Inizialmente venne anche supposto che i macchinisti non avessero adeguatamente regolato le sabbiere, che avrebbero potuto evitare lo slittamento delle ruote. Infine, la catastrofe venne attribuita principalmente a:
“una combinazione di cause materiali, quali densa nebbia, foschia atmosferica, mancanza completa di vento, che non ha mantenuto la naturale ventilazione della galleria, rotaie umide, ecc., cause che malauguratamente si sono presentate tutte insieme e in rapida successione. Il treno si è fermato a causa del fatto che scivolava sulle rotaie e il personale delle macchine era stato sopraffatto dall’avvelenamento prodotto dal gas, prima che avesse potuto agire per condurre il treno fuori del tunnel. A causa della presenza dell’acido carbonico, straordinariamente velenoso, si è prodotta l’asfissia dei passeggeri clandestini. L’azione di questo gas è così rapida, che la tragedia è avvenuta prima che alcun soccorso dall’esterno potesse essere portato.”

Venne notato che le disposizioni per la costituzione del treno venivano direttamente dal Comando Alleato, e che comunque il personale di stazione e viaggiante non avrebbe potuto fermare il treno e chiederne la modifica. Lo stesso comando organizzò un treno per verificare le condizioni dell’incidente, con il personale dotato di maschere ad ossigeno, che rilevò l’effettivo sviluppo di quantità anomale di gas tossici.

Molti dei parenti delle vittime intentarono causa alle Ferrovie dello Stato. Le ferrovie declinarono ogni responsabilità, sostenendo che su quel treno non avrebbero potuto trovarsi passeggeri di alcun tipo e che, a causa della complicata situazione dell’equilibrio dei poteri tra le amministrazioni italiane e il comando statunitense, non era immediato nemmeno risalire a chi avesse la responsabilità della gestione di quella particolare tratta.
Tuttavia, non bisogna dimenticare che in quel periodo tra Napoli e Potenza esisteva solo una relazione per viaggiatori, il treno 8021, che partiva dal capoluogo campano due volte alla settimana, il mercoledì e il sabato. Per spegnere sul nascere una vertenza che avrebbe potuto trascinarsi per anni, il Ministero del Tesoro sancì l’emissione di un risarcimento come se si trattasse di vittime di guerra, risarcimento che venne erogato dopo oltre 15 anni.

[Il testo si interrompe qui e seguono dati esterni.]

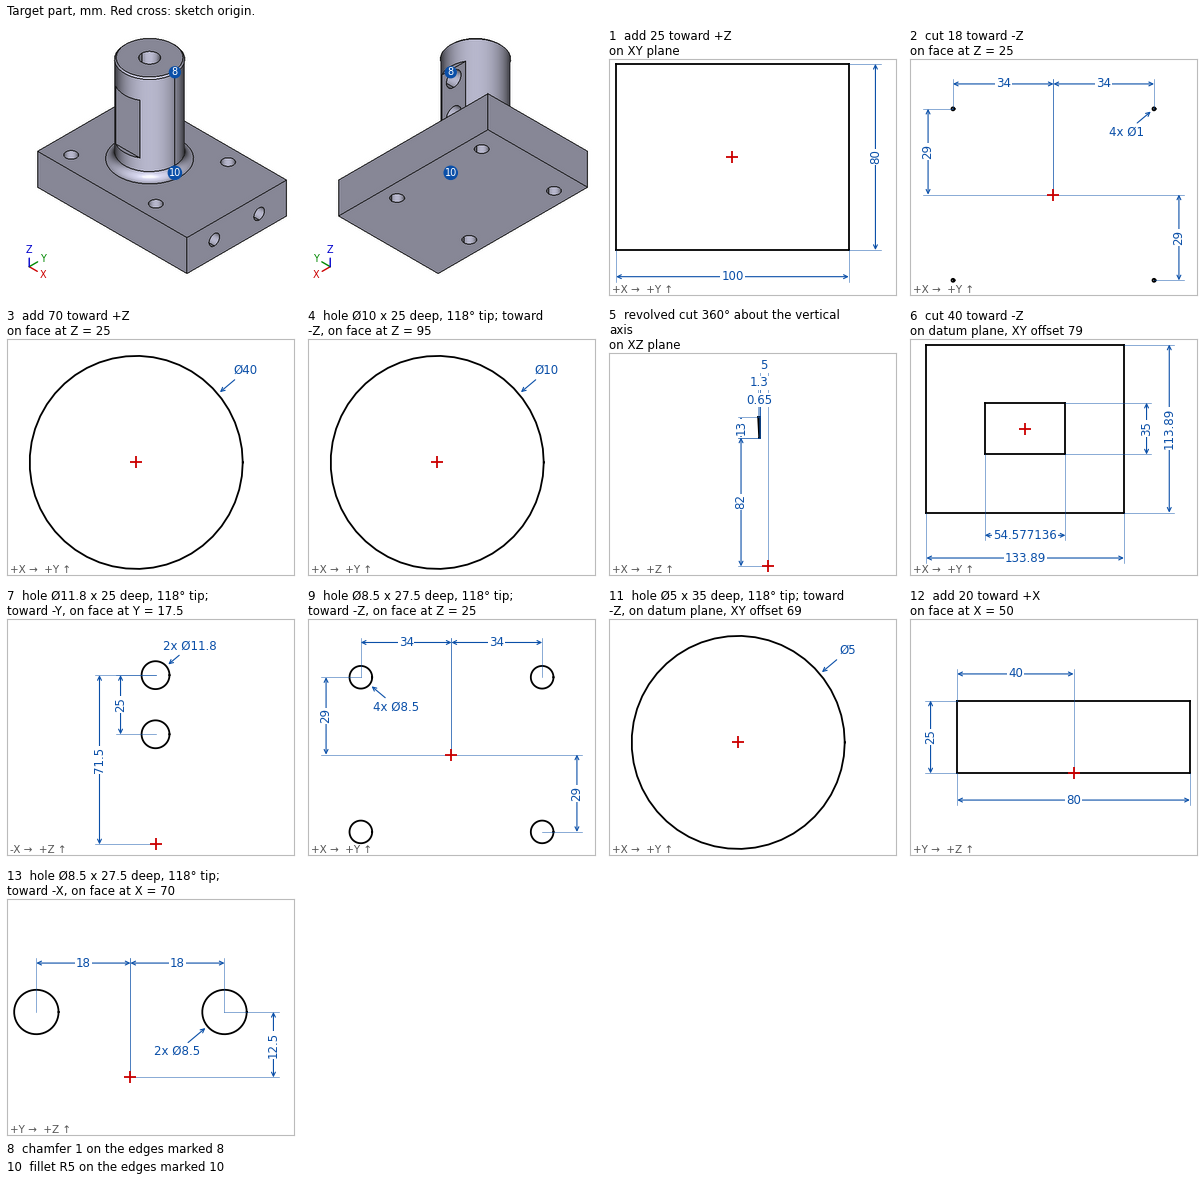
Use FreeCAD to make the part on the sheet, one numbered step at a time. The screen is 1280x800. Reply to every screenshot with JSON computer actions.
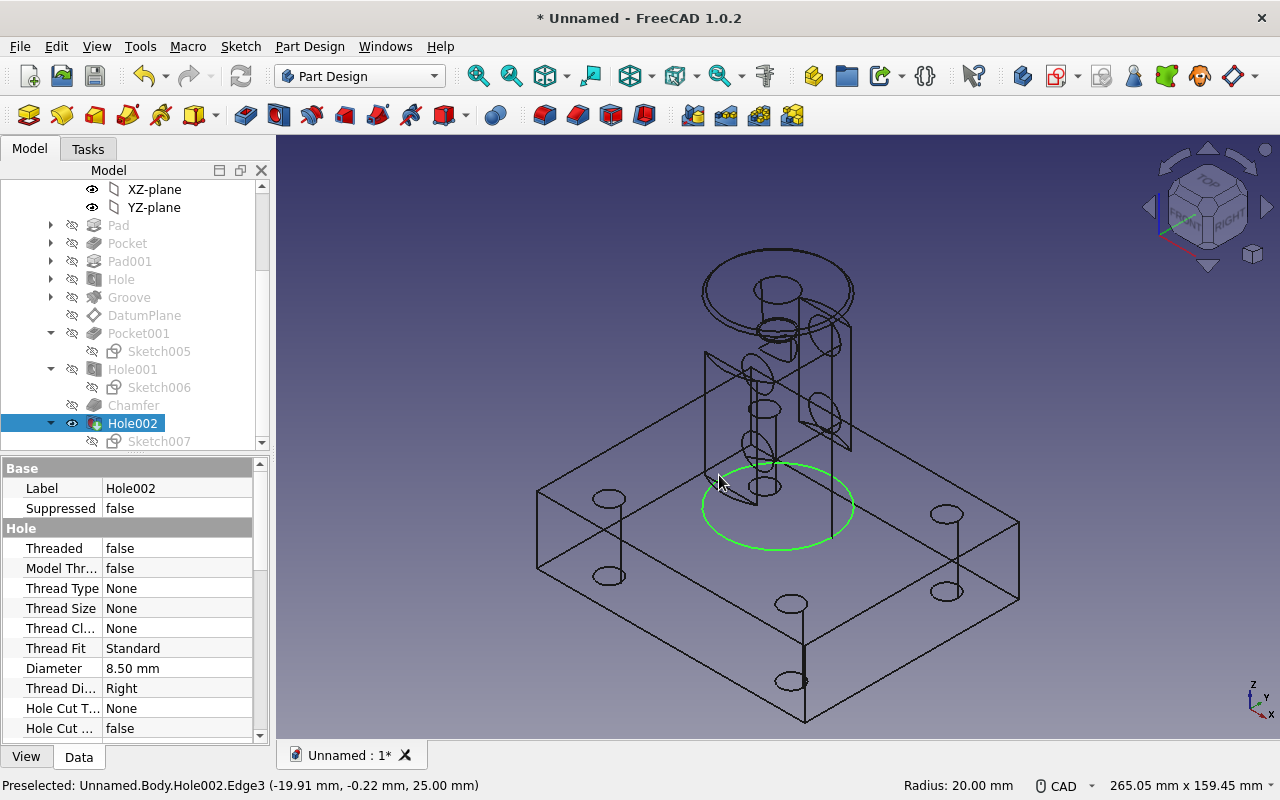
{"action": "key", "text": "v 1"}

Peraltro, alcune fonti indicano che molti dei passeggeri a bordo del treno fossero in possesso di un regolare biglietto ferroviario, che li qualificava quindi come passeggeri e non come clandestini. Questa eventuale condizione, che implica la possibilità di richiedere cospicui risarcimenti all’ente che gestisce la linea, sarebbe stata fatta passare sotto silenzio durante le inchieste ufficiali sulla tragedia.
In ogni caso, le fonti ufficiali fanno riferimento a coloro che si trovavano sul treno, eccetto il personale ferroviario, solo con il termine di clandestini. Questa posizione è supportata dal fatto che il treno era classificato come merci e quindi non autorizzato al trasporto di passeggeri paganti. La questione non risulta tuttora essere stata chiarita in modo definitivo.

La tragedia del treno 8017 rimane tuttora presente nella cultura popolare delle zone colpite, ed ebbe allora un grande impatto mediatico conquistandosi visibilità in molti giornali europei e americani.